The Court then ruled that it would "draw the line about where the Government is agreeing to draw it, where the Department of Justice is drawing it, where NIST seems to be drawing it, where National Commission on Forensic Science seem to be drawing it." Tr. at 220:3-7 (Court). The Court stated that it will not grant C. Garcia's requests for laboratory policies and protocols "at the present time." Tr. at 220:24 (Court). The Court further instructed C. Garcia and the United States to reference paragraphs 1, 2, 3, and 4 of the DOJ's recommendations. See Tr. at 220:7-22 (Court)(citing Memorandum for Heads of Department Components ¶¶ 1-4, at 2-3, Office of the Attorney General (dated January 6, 2017)("Lynch Memo"), available at https://www.justice.gov/archives/ncfs/doj-responses-ncfs-recommendations (last visited November 18, 2019); Recommendations to the Attorney General on Pretrial Discovery, National Commission on Forensic Science (dated May, 8, 2016), available at https://www.justice.gov/archives/ncfs/work-products-adopted-commission (last visited November 18, 2019)). The Court advised that, after C. Garcia's expert receives the "hard data," "if for some reason [his expert] can't give an opinion," then C. Garcia should discuss this issue with the United States. Tr. at 220:25-221:2 (Court). The Court further advised that, if the United States and C. Garcia "can't reach a reconciliation," then C. Garcia may come back to the Court with "expert testimony telling [the Court that C. Garcia] cannot criticize the Government's expert without protocols and procedures." Tr. at 221:3-7 (Court).

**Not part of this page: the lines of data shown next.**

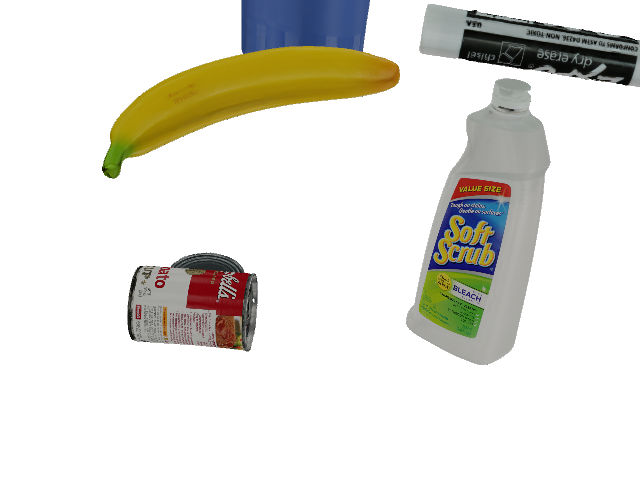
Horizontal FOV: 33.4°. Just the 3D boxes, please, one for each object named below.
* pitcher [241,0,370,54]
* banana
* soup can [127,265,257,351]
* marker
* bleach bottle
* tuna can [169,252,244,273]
[{"bbox_3d":[-0.002,-0.269,0.904,0.145,0.243,0.149,6,18,7],"label":"pitcher"},{"bbox_3d":[-0.050,-0.088,0.670,0.197,0.070,0.037,-22,-36,-14],"label":"banana"},{"bbox_3d":[-0.109,0.058,0.924,0.102,0.068,0.068,4,0,4],"label":"soup can"},{"bbox_3d":[0.098,-0.070,0.399,0.121,0.020,0.020,10,1,5],"label":"marker"},{"bbox_3d":[0.139,-0.020,0.925,0.103,0.251,0.067,27,36,34],"label":"bleach bottle"},{"bbox_3d":[-0.126,0.052,1.176,0.086,0.034,0.086,2,36,-2],"label":"tuna can"}]

J. Gallegos stated that his expert's position is that experts must have access to protocols and procedures to examine the FBI's testing methods. See Tr. at 221:16-24 (Benjamin). The Court stated that it would need "expert testimony" on the need for procedures and protocols. Tr. at 222:7 (Court). The Court also noted that, while it is "interesting" that the state laboratories have produced the requested material for Troup, "it's a different issue as to whether [the Court] order[s] it out of the federal labs." Tr. at 222:12-13 (Court). The Court said that many experts "opine in front of [the Court] without protocols and procedures." Tr. at 222:18-19 (Court). The Court concluded that C. Garcia's request for DNA materials is thus "granted in part and denied in part." Tr. at 222:1-2 (Court).
Turning to the other requests in his Motion, C. Garcia suggested that, "instead of wasting the Court's time[,] ... [he and the United States] agreed to sit down after this hearing ... and go through all of these ... and try to come to a compromise." Tr. at 223:6-10 (Sirignano). The United States agreed with C. Garcia's suggestion. See Tr. at 223:16-17 (Beck). The Court reminded the parties that they must "meet and confer before [they] file a motion in federal court. That's required by local rules. That's required by the federal rules." Tr. at 223:24-224:2 (Court). The Court stated that it does not like to "bring everybody down [to the courthouse], [ ] schedule two days [for hearings], and then [ ] break in the middle of it ... to meet and confer." Tr. at 224:2-6 (Court). The Court warned that "[t]his can't happen again.... We've got a very tight schedule here." Tr. at 224:16-21 (Court). C. Garcia stated that he had anticipated the United States responding to his Motion. See Tr. at 224:22-24 (Sirignano).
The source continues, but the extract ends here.